%%

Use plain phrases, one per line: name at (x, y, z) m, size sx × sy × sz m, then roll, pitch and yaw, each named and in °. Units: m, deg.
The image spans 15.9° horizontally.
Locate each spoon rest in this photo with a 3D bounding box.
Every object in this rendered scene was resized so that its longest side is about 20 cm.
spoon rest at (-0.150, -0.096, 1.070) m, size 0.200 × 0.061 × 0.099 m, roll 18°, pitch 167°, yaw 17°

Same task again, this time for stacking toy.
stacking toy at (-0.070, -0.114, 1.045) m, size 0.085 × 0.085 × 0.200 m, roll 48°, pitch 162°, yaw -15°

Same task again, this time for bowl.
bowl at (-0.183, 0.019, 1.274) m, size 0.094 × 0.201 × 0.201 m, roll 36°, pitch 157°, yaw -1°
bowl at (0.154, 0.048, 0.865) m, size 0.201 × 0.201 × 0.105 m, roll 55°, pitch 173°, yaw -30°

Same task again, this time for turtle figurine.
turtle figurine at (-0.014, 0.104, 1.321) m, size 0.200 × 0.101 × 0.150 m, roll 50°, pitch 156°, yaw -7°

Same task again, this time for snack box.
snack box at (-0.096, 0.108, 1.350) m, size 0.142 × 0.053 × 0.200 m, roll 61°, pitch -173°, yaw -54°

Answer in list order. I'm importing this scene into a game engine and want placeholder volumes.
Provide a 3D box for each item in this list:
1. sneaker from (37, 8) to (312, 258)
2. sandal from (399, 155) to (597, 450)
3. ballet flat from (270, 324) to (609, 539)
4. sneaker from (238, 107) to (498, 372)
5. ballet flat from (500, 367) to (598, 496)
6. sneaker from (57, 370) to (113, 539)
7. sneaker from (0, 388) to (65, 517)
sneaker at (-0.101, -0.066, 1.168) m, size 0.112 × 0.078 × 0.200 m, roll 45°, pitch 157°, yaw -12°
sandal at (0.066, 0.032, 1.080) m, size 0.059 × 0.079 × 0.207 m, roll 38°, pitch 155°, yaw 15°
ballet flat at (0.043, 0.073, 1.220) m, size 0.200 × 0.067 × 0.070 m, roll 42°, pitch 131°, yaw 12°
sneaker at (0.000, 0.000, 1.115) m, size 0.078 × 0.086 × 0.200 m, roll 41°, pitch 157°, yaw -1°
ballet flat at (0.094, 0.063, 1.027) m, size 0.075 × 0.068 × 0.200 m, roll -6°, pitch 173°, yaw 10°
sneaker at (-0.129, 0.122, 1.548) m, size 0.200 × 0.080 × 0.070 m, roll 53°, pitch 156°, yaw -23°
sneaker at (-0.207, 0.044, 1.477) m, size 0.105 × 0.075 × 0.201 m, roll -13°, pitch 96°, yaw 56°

%%

What the task asks: Here the output must be the lines above from the line with "3. ballet flat from (270, 324) to (609, 539)" to the line with "6. sneaker from (57, 370) to (113, 539)", both included, duplicated word for word and nothing else.

Response for this exercise:
3. ballet flat from (270, 324) to (609, 539)
4. sneaker from (238, 107) to (498, 372)
5. ballet flat from (500, 367) to (598, 496)
6. sneaker from (57, 370) to (113, 539)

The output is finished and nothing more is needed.